I'm reading An Elementary Introduction to Information Geometry by Frank Nielsen.
On page 18, he says:
Thus the information manifold is both $^F \nabla$-flat and $^F \nabla^\ast$-flat: This structure is called a dually flat manifold (DFM). In a DFM, we have two global affine coordinate systems $\theta(\cdot)$ and $\eta (\cdot)$ related by the Legendre–Fenchel transformation of a pair of potential functions $F$ and $F^\ast$. That is, $( M, F ) \equiv ( M, F^\ast )$, and the dual atlases are $\mathcal A = \{( M, θ ) \}$ and $\mathcal A^\ast = \{( M, \eta ) \}$.
...
On a Bregman manifold, the primal parallel transport of a vector does not change the contravariant vector components, and the dual parallel transport does not change the covariant vector components. Because the dual connections are flat, the dual parallel transports are path-independent.
I'm trying to figure out what this means. Here are what I think are the relevant pieces I understand up to my point of confusion:
- A manifold $M$ is $\nabla$-flat, for some connection $\nabla$, if the curvature tensor $R$ calculated from $\nabla$ has $R = 0$.
- For a connection $\nabla$, we can find its conjugate connection $\nabla^\ast$ with respect to the metric $g$.
- A "dually flat manifold" is therefore one where the curvature for both $\nabla$ and $\nabla^\ast$ is zero.
- If we have a divergence $D: M \times M \rightarrow [0, \infty)$, then we can calculate a metric $^D g$ and connection $^D \nabla$ (and its dual $^{D^\ast} \nabla$) by differentiating $D$ in a specific way, giving us an information manifold $(M, ^D g, ^D \nabla, ^{D^\ast} \nabla)$ (which generally may not be flat).
- Then, if we specifically use the Bregman divergence $B_F$ derived from a convex function $F(\theta)$ on $M$, and use this to calculate the metric $^F g$ and connection(s) $^F \nabla$, we find that the connection $^F \nabla = 0$, so it's a flat manifold, and the conjugate connection $^F \nabla^\ast = 0$ also, which makes it "dually flat".

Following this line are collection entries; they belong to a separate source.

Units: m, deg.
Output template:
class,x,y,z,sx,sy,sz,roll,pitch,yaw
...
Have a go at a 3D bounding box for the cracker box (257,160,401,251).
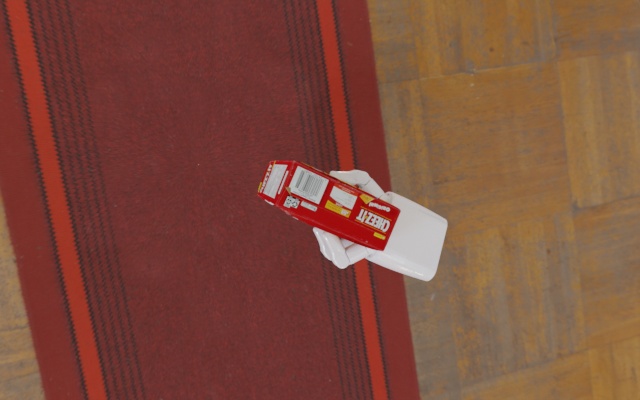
class,x,y,z,sx,sy,sz,roll,pitch,yaw
cracker box,0.000,0.002,0.720,0.164,0.072,0.213,24,-2,-15
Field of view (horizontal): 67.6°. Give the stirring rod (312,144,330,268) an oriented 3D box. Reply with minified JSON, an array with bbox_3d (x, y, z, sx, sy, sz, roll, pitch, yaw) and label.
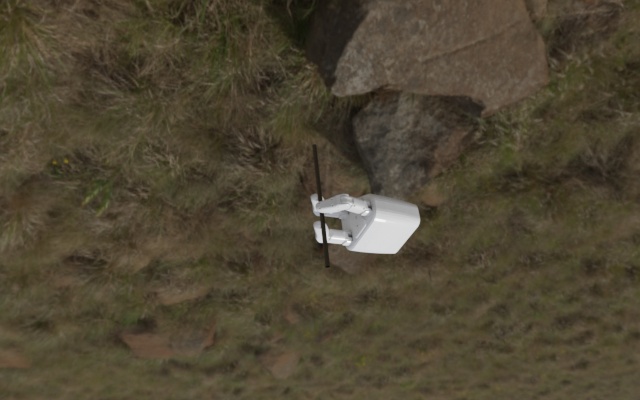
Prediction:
[{"bbox_3d":[0.000,0.003,0.835,0.011,0.239,0.011,-5,-28,-3],"label":"stirring rod"}]

- Given the convex function $F(\theta)$, we can use a Legendre transformation to calculate the "dual potential function" $F^\ast (\eta) = \sup\limits_{\theta \in \Theta} \{ \theta^\top \eta - F(\theta) \}$
- We can express the coordinates $\theta$ and $\eta$ in terms of each other via $\eta = \nabla F(\theta)$ and $\theta = \nabla F^\ast (\eta)$.
that brings us to the quote above, where I'm confused.
From what I thought, a connection $\nabla$ simply tells us how a tangent vector $v$ changes as we move in a direction $Y$, i.e., $\nabla_{v} Y$. So if a connection is flat, conceptually that means that if we move $v$ around, it "looks the same", i.e., it's not rotating or stretching (is that correct?).
However, even if $v$ stays the same for a given flat connection, depending on which coordinate system/vector basis we're expressing it in, with $v = v^i \partial_i$, it's possible that in one coordinate system, neither the components $v^i$ or the basis vectors $\partial_i$ change, but in another coordinate system the basis vectors $\partial_i$ change as we move around, and therefore the components $v^i$ must change too, so $v$ stays the same.
That's what I understand from the DFM with the two connections $\nabla, \nabla^\ast$. What I'm stuck on (assuming the above is correct) is whether it's true that if both connections are flat, does that mean they do the same thing to a vector, even if they change the components/basis vectors differently?